Her role in the 1970s feminist art movement is documented in the biographical dictionary Feminists Who Changed America, 1963–1975, which describes her as a "leader in the women’s art movement of the 1970s in the Midwest and nationally." As a graduate student, she traveled to the Woman's Building in Los Angeles to exhibit video work and to New York City to organize exhibitions centered on goddess imagery.

At the University of Iowa, Gilmor was a student of Hans Breder in the Intermedia Program. During this time, she was a peer of Ana Mendieta. While both artists utilized body-centric performance and goddess iconography, art historian Joy Sperling notes that Gilmor distinguished her work by incorporating satire and humor into these themes. Gilmor's contributions to this era are further noted in the seminal survey The Power of Feminist Art.

Gilmor began her teaching career at Mount Mercy University (then Mount Mercy College) in 1973, where she introduced the institution's first women's studies courses, including "Women's Art History" and "Art, Gender and Politics." She served as a Professor of Art until her retirement in 2012.

== Work ==
=== Early performance and personas ===
In the 1970s, Gilmor developed performance works that critiqued female stereotypes and consumer culture. Her most significant early work was the All-American Glamour Kitty Pageant (1976). Gilmor entered her own cat, "Kitty Glitter," into the commercial competition as an embedded performance, documenting the event to create satirical video and installation works. Artifacts from this project, including the "Official Score Card," were later archived and featured in Cabinet magazine.

Following this, she developed the personas "Kitty Glitter" and "Erma." She performed as these characters at archaeological sites in Greece and Egypt, producing a series of "photo tableaux" titled Great Goddesses (1977–1981). These works juxtaposed ancient ruins with domestic or absurdist costuming to comment on the mythology of the feminine, a practice cited by art historian Lucy Lippard in her survey of the era, Overlay.

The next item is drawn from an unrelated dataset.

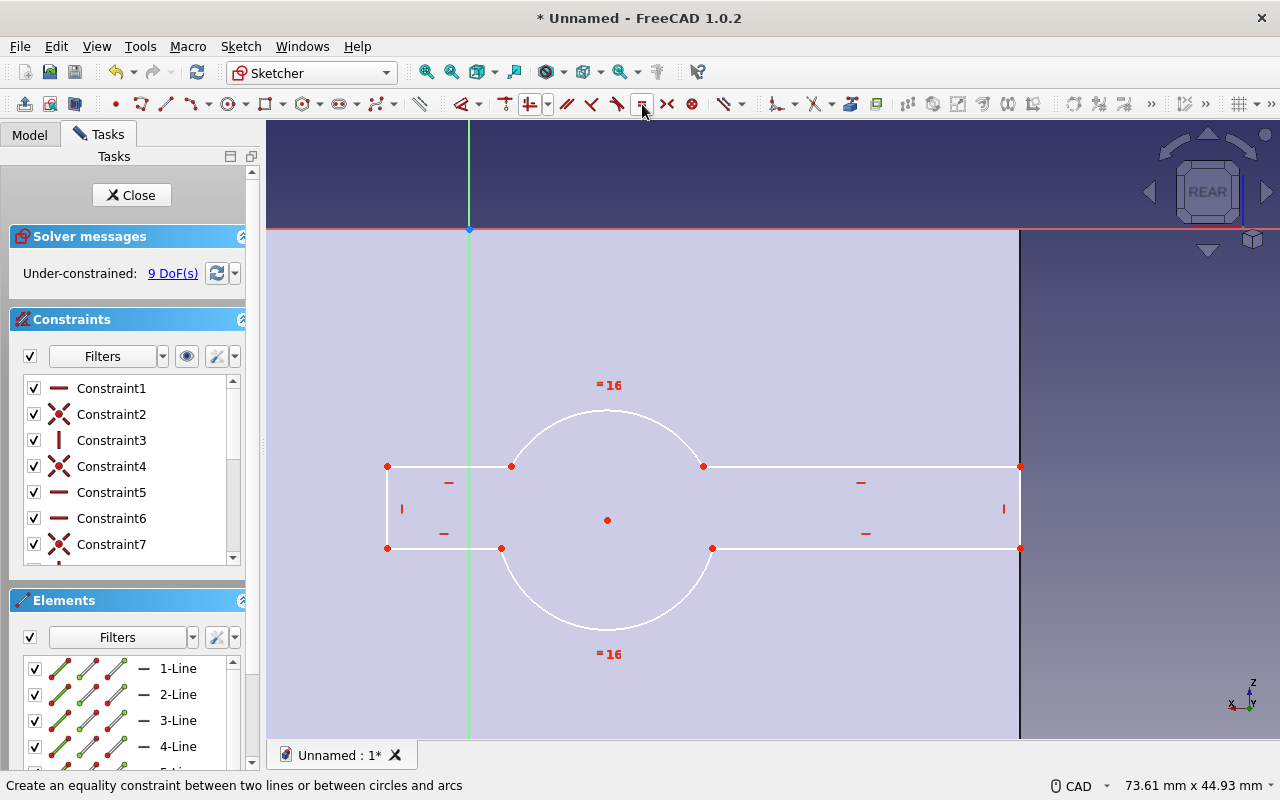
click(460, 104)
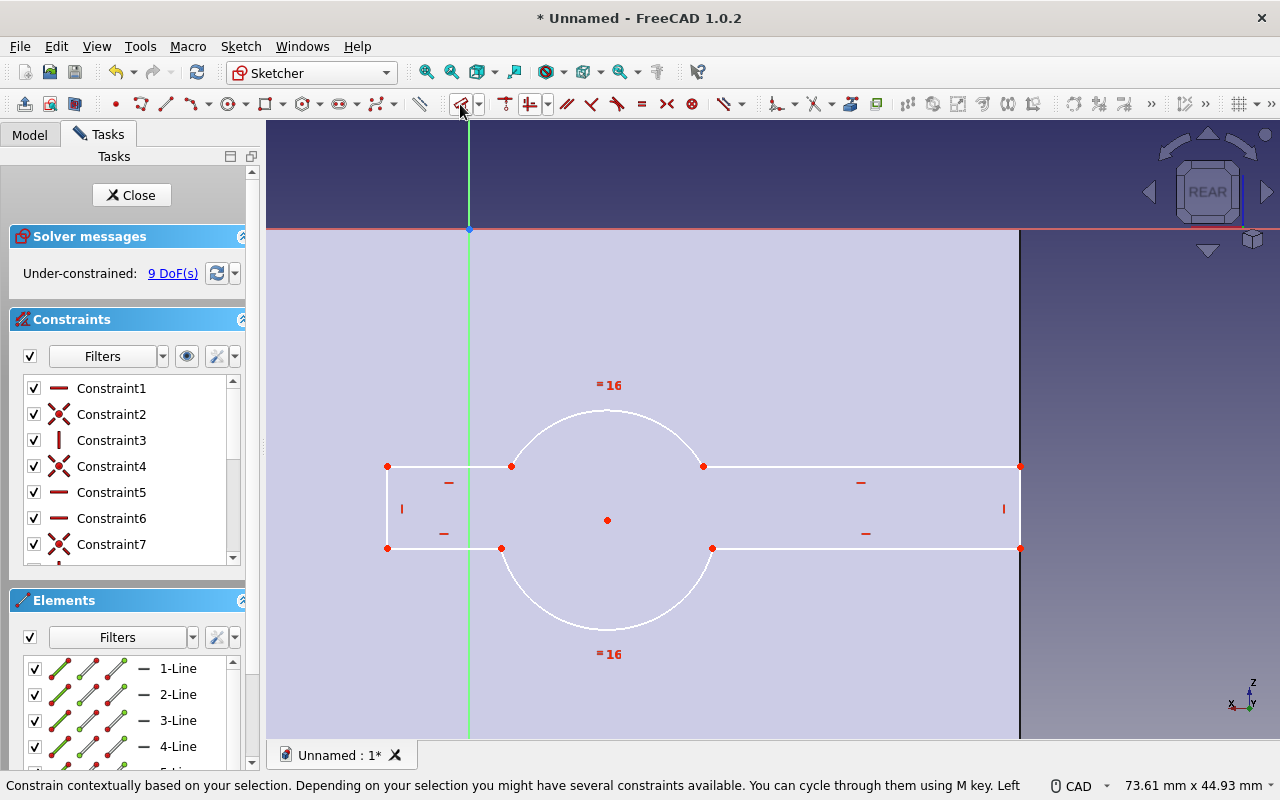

=== Installations and materiality ===
In the 1980s and 1990s, Gilmor began using industrial aluminum foil and metal repoussé as a primary medium, covering furniture, rooms, and architectural elements in embossed metal skins. This technique was noted by art historian Joy Sperling as a method of "satirizing the search for meaning" while creating "shrines to the ordinary." Major installations from this period include Beds (1994) and Windows (1995), the latter created for the University of Iowa Hospitals and Clinics.

=== Social practice ===
Since the 1980s, Gilmor’s practice has focused on community-based collaboration (social practice). She conducts workshops where participants—often from marginalized groups such as the homeless, immigrants, or factory workers—create embossed metal tiles or share oral histories which are incorporated into large-scale installations.
- Un(Seen) Work (2010): Commissioned by the Faulconer Gallery at Grinnell College, this project involved collaboration with local industrial and service workers to document the "invisible" labor force of the Midwest.
- Bed/Shoe/Home (2017): A project focused on housing insecurity in Champaign-Urbana, Illinois, created while she was a Miller Endowed Scholar at the University of Illinois.

== Exhibitions and collections ==
Gilmor's work has been exhibited extensively in the United States and internationally. She has been an affiliated member of A.I.R. Gallery in New York since 1985.

=== Select exhibitions ===
- Breakfast on Pluto, Figge Art Museum, Davenport, IA (2022).
- Bed/Shoe/Home, University of Illinois at Urbana-Champaign (2017).
- Cooperative Consciousness, Kochi-Muziris Biennale, Kerala, India (2016).
- Un(Seen) Work, Faulconer Gallery, Grinnell College, Grinnell, IA (2010).
- Great Goddesses: Sculpture and Photo Tableaux, Real Art Ways, Hartford, CT (1988).
- Young Americans, Solomon R. Guggenheim Museum, New York, NY (1980).

=== Collections ===
Her work is held in numerous permanent collections, including:
- Museum of Contemporary Art, Chicago
- Des Moines Art Center
- Figge Art Museum

== Awards ==
- National Endowment for the Arts (NEA) Visual Artist Fellowships (1986).
- MacDowell Fellowship (1988).
- McKnight Foundation Interdisciplinary Fellowship (1996–1997).
- Tanne Foundation Award (2011).
- Fulbright Senior Scholar, University of Évora, Portugal (2003).